Let \({{\mathrm{A}}} \in \mathbb{Z}_+^{n\times n}\) be a diagonal matrix with diagonal entries \( \bar{a}_1 , \dots , \bar{a}_n\), i.e., \[\begin{aligned} \label{eq:Adiag} {{\mathrm{A}}} = \text{diag}(|\bar{a}_1|^m , \dots , |\bar{a}_n|^m).\end{aligned}\] The following lemma states the necessary and sufficient condition for \(m\)-th moment stability of the system \eqref{eq:mjls}.

\label{lemmamjls} For any \(m \in \mathbb{R}^+\), the MJLS \eqref{eq:mjls} is weakly \(m\)-th moment stable if and only if \[\label{eq:pp} \rho({{\mathrm{P}}}^{\mathsf{T}}{{\mathrm{A}}})\lesssim 1,\]

The usage of the symbol “\(\lesssim\)” indicates that while the necessary condition holds with a weak inequality, the sufficient condition requires a strong inequality.

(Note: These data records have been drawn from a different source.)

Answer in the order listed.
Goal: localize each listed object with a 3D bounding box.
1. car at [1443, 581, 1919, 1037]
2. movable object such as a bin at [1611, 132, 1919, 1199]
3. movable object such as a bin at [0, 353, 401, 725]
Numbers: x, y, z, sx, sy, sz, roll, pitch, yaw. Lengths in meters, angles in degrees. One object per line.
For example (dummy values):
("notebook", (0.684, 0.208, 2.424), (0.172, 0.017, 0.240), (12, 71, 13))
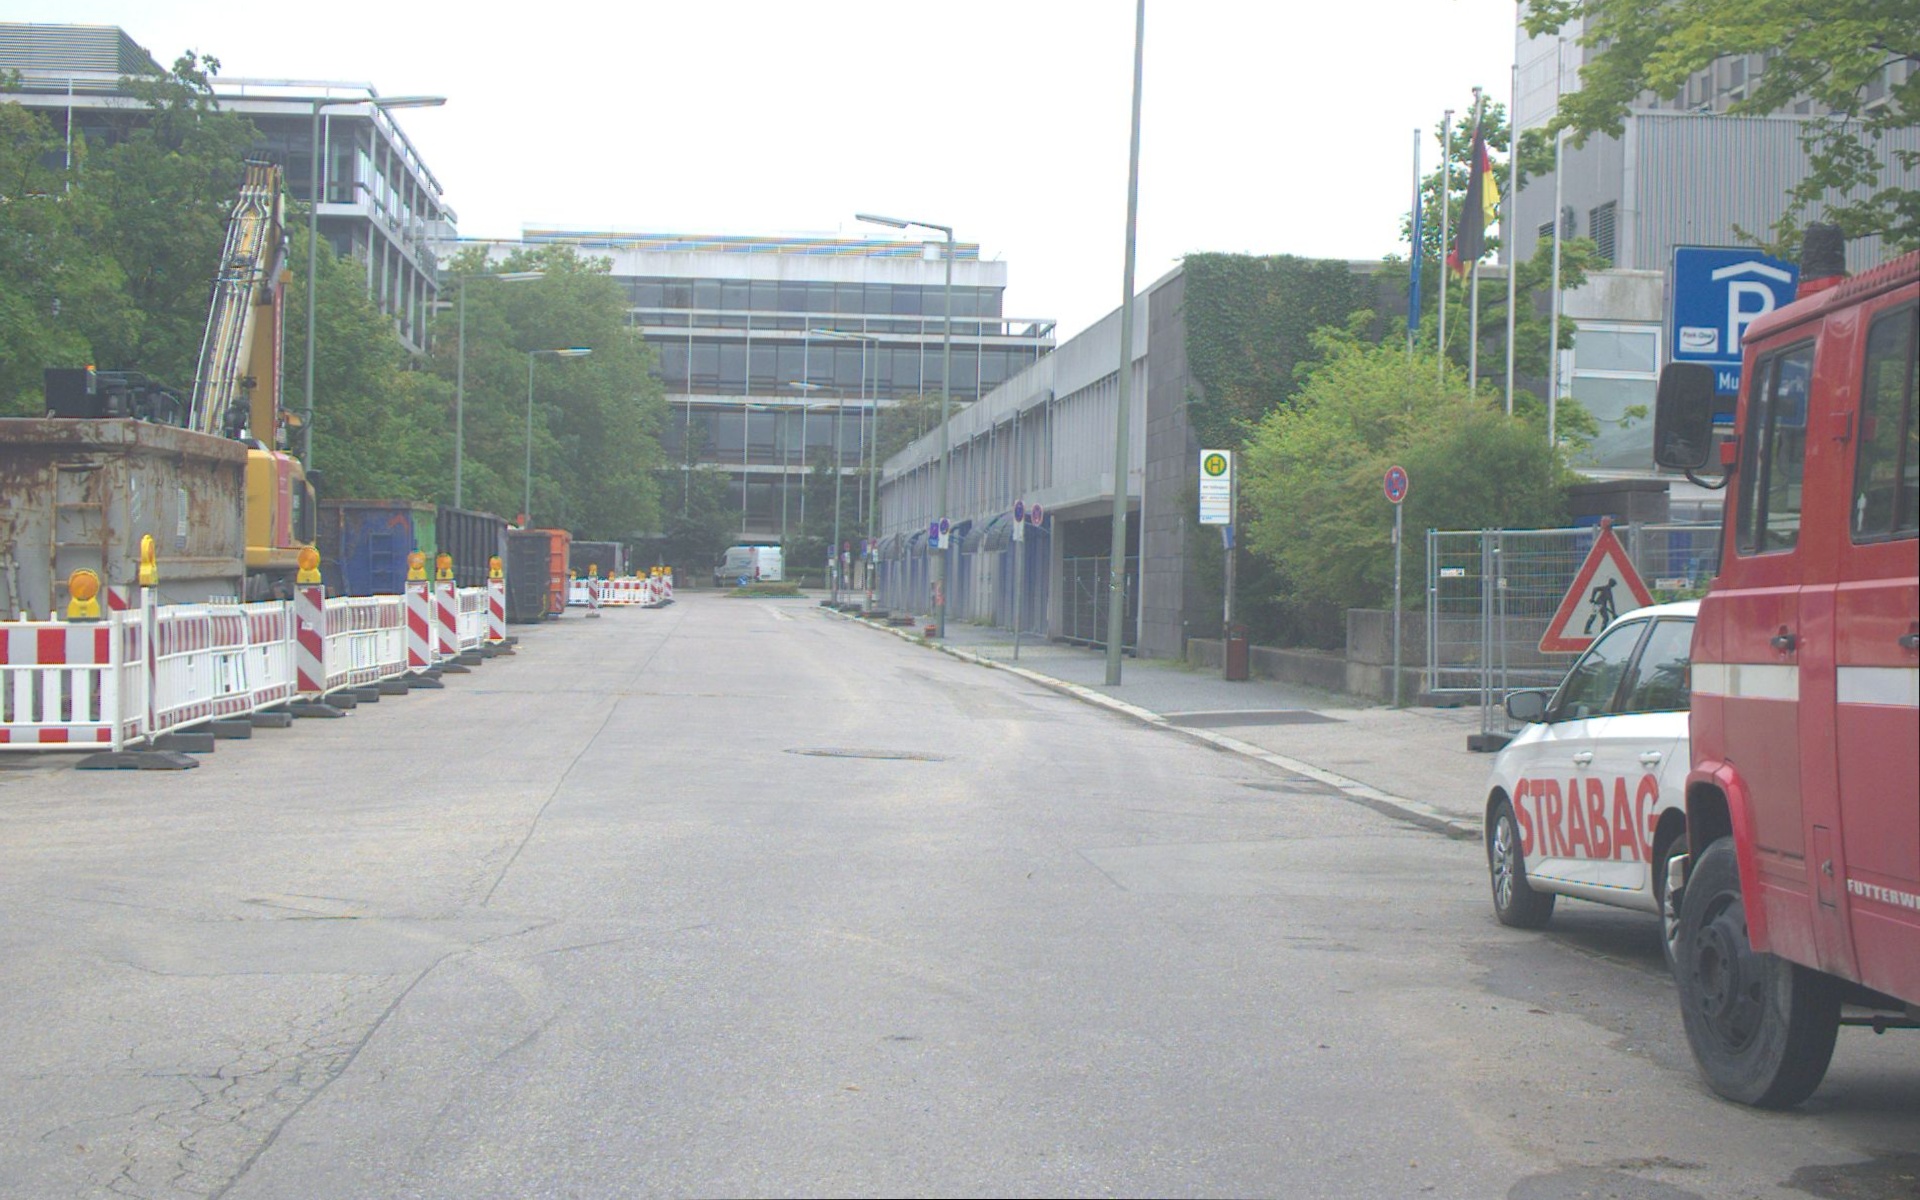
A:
("car", (3.380, 0.721, 14.052), (1.776, 1.544, 4.258), (1, 1, -6))
("movable object such as a bin", (3.091, 0.236, 7.634), (2.104, 2.450, 6.187), (1, 1, 0))
("movable object such as a bin", (-8.585, -0.698, 39.134), (3.241, 3.704, 9.009), (1, 1, -2))

The sufficient condition is obtained by subsampling the original MJLS at a sampling rate of \(\tau\) samples and then showing the weak stability of the subsampled system \(Y_k = Z_{k \tau}\), \(k=0,1,\cdots\). The weak stability of \(\{Y_k\}_k\) is sufficient to ensure that \eqref{eq:weak} holds, because the \(m\)-th moment of the system in fact cannot grow unbounded in any finite time horizon due the assumptions that \(|\bar{a}_1| , \dots , |\bar{a}_n|\) are finite and that \(\sup_k \mathbb{E}(|W_k|^m) \le \infty\).

By iterating \eqref{eq:mjls} \(\tau\) times, it can be seen that the subsampled process is a non-homogeneous MJLS with dynamics \[\begin{aligned} \label{eq:sub} y_{k+1} = b_{k} y_k + c_k,\end{aligned}\] where for every \(k \geq 0\) we define \(B_k = \prod_{j= k \tau}^{(k+1)\tau-1} A_k\) as the random expansion of the open-loop system during the \(k\)-th sampling interval and \(C_k = \sum_{j=0}^{\tau-1} \bigl( \prod_{i=j}^{\tau-1} A_{k \tau+i} \bigr) W_{k \tau + j}\) as the total disturbance entering the system in the \(k\)-th sampling interval. Notice that \(\sup_k \mathbb{E}(|C_k|^m) < \infty\), since by assumption the disturbance process \(\{W_k\}_k\) has bounded \(m\)-th moment.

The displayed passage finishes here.